Wilton Azevedo was born in São Paulo, Brazil. He is an artist, a graphic designer, poet and musician and a Doctor of Communication and Semiotics. He has published O que é Design (Brasiliense), and Os Signos do Design (Global). Interpoesia (CD-rom 2000) and Looppoesia (CD-rom 2004) will soon be released together with Intertechnopoesia, (sound CD) and Quando Assim Termino O Nunca (DVD 2005). Azevedo is a professor and academic advisor for the postgraduate course Educaçao, Arte e Historia da Cultura at Universidade Presbiteriana Mackenzie. He has taken part in exhibitions in museums and art galleries in Brazil, USA, Cuba, México, France, Italy, Holland, Germany, England, France, Italy, Spain and Argentina.
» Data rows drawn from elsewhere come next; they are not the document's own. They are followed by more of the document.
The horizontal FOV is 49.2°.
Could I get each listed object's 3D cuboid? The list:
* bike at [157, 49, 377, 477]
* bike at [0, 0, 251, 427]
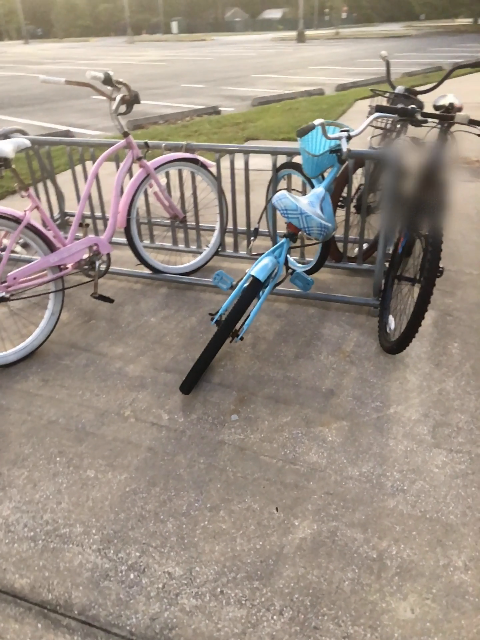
[{"bbox_3d":[0.209,-0.392,2.144,0.583,0.953,1.425,5,36,14],"label":"bike"},{"bbox_3d":[-0.779,-0.654,2.378,0.774,1.146,1.610,22,45,37],"label":"bike"}]
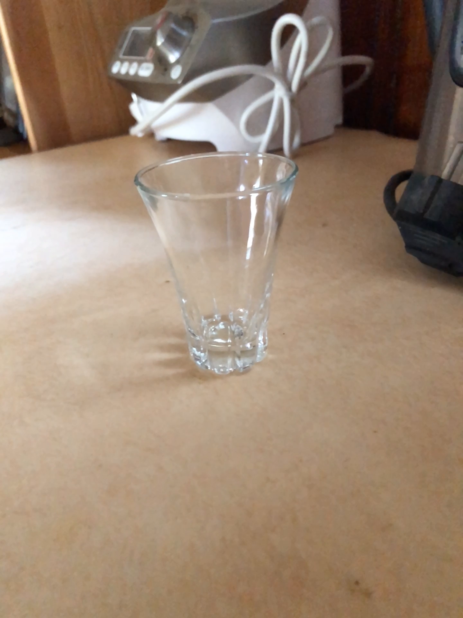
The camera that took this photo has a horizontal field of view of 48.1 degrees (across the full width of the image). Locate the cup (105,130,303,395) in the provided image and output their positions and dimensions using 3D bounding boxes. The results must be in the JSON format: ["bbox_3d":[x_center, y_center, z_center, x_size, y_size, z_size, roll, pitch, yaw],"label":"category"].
[{"bbox_3d":[-0.009,-0.019,0.182,0.050,0.070,0.050,-4,30,2],"label":"cup"}]
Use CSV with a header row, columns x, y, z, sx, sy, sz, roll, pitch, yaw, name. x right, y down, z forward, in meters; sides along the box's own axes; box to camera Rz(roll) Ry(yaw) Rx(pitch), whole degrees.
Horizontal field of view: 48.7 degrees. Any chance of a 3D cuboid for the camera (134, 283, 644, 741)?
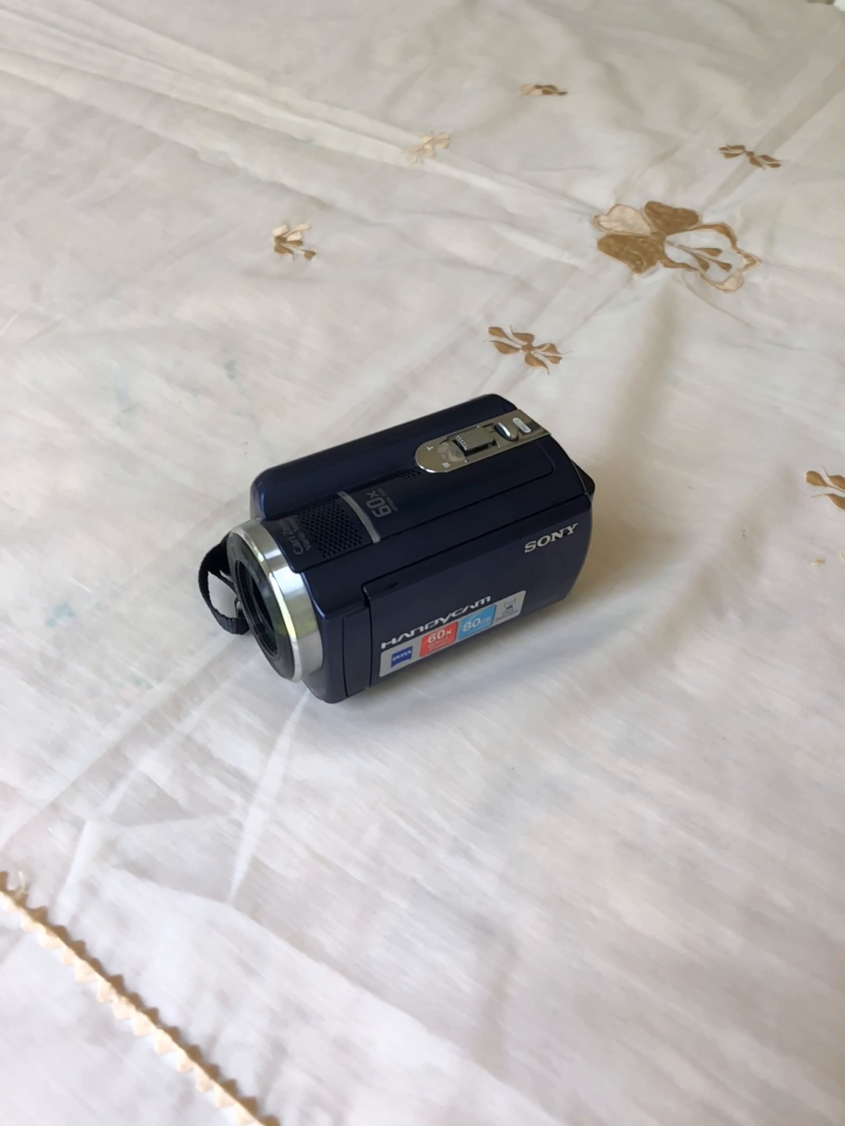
x,y,z,sx,sy,sz,roll,pitch,yaw,name
-0.012,-0.022,0.296,0.119,0.070,0.090,-22,51,-22,camera

As a member of Transitoire Observable group in 2004, he showed interactive works at Centre George Pompidou.
www.estudiounderlab.com

Marina Peterson (US) - Solo cello
Marina Peterson presents improvised sonic explorations on the cello; sometimes acoustic, sometimes amplified.
Marina Peterson, cello, plays primarily new and improvised music. She is currently a member of Ensemble Noamnesia and Neme. Composers and musicians with whom she has worked include Jonathon Chen, Gene Coleman, Mike Cooper, Luc Ferrari, Geoff Gallegos ("GG"), David Grubbs, Charlotte Hug, Jonathon Kirk, Wade Matthews, Rahzel, Jane Rigler, Jesse Ronneau, Domenico Sciajno, Sharif and Christine Sehnaoui, Fabrizio Spera, and Chao-Ming Tung. She has a PhD in Anthropology from the University of Chicago and a Performer's Certificate from Northern Illinois University. She is Assistant Professor of Performance Studies in the School of Interdisciplinary Arts at Ohio University in Athens, OH.